A drone, under attack: The United States says Iran fired on an unmanned military surveillance drone flying above the Persian Gulf last week, The New York Times reports. More coverage of the incident here in The Wall Street Journal.
Upbeat: From The National Law Journal today: "Managing partners at midsize law firms across the country report guarded optimism about business during the year to come." Half of the firms that participated in an NLJ survey said they expected litigation to provide the most revenue growth. More than a dozen firms said they planned to add lateral attorneys in litigation practices.
Captured: Authorities in Mexico say they've captured a local commander of the Zetas paramilitary cartel and are hopeful the arrest will lead investigators to the group's top remaining boss, the Los Angeles Times reports.
Slashed: From The Recorder: "The lawyers may bill clients as much as $1,000 an hour.

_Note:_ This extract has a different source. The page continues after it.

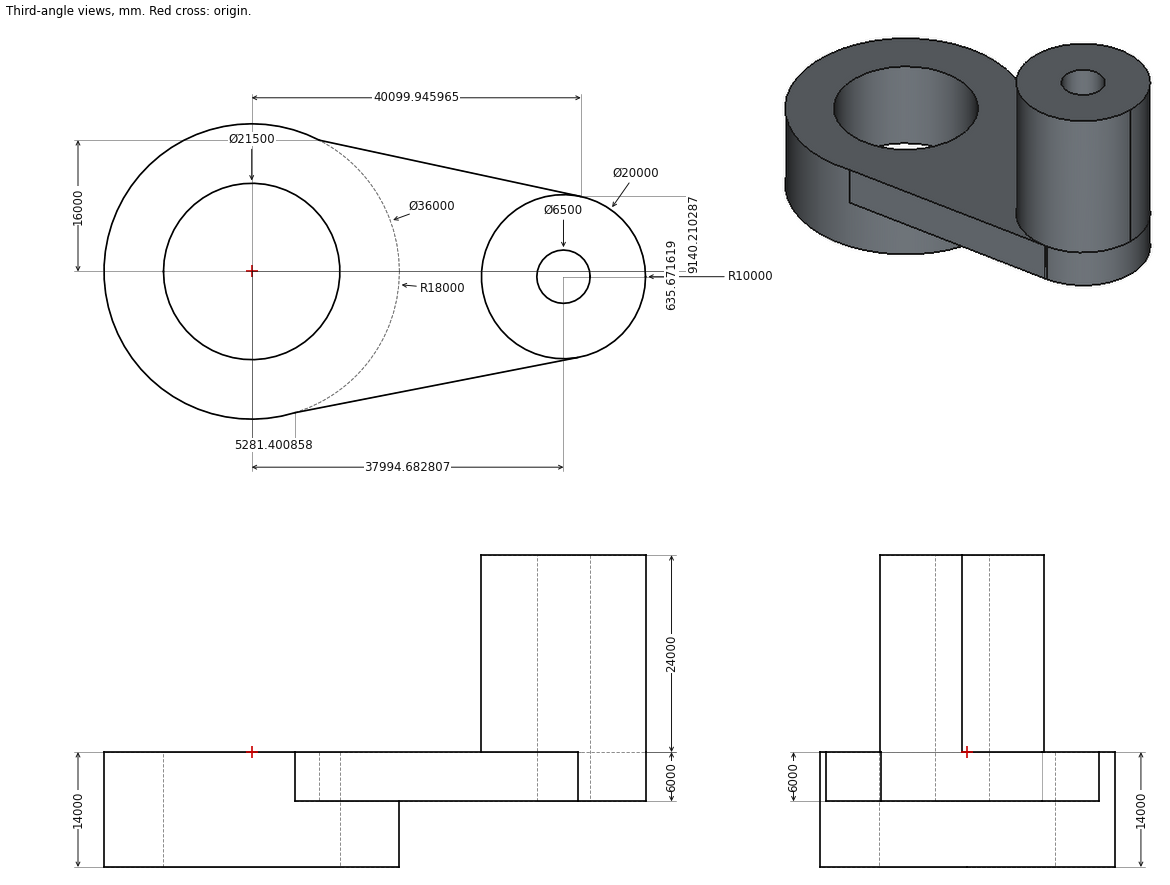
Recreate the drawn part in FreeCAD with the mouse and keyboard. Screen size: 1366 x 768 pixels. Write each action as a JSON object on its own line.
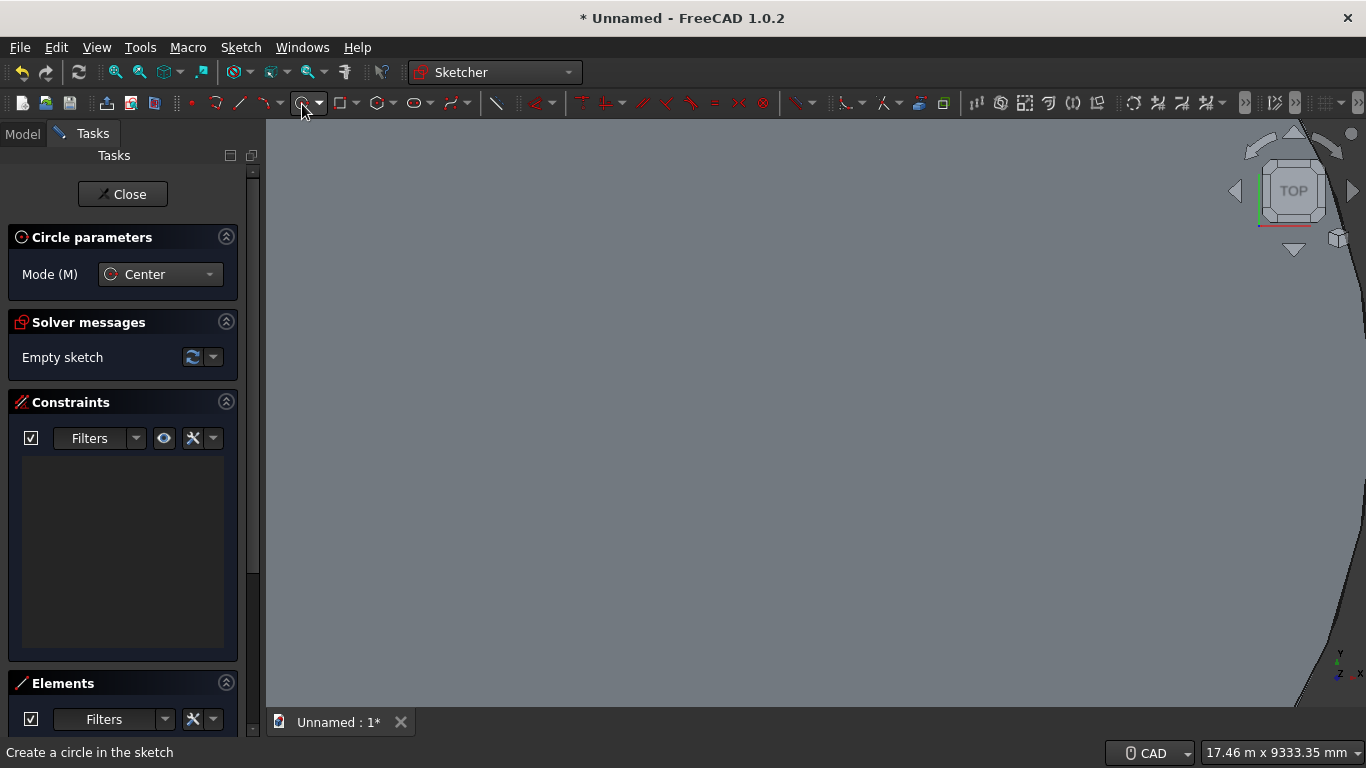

But U.S. Magistrate Judge Paul Grewal is counting pennies." A magistrate judge didn't give Apple or Samsung the amount the sides requested as sanctions for discovery violations. "The court tends to find it unreasonable that a partner with almost 25 years of experience needed 50 hours to draft a 14-page motion and to review a 15-page reply, especially when five associates also billed 85.8 hours for the same motion," the judge wrote.
Disqualified: A former judge in New York cannot now prosecute a man who once appeared as a defendant in his courtroom. The New York Law Journal has the story here.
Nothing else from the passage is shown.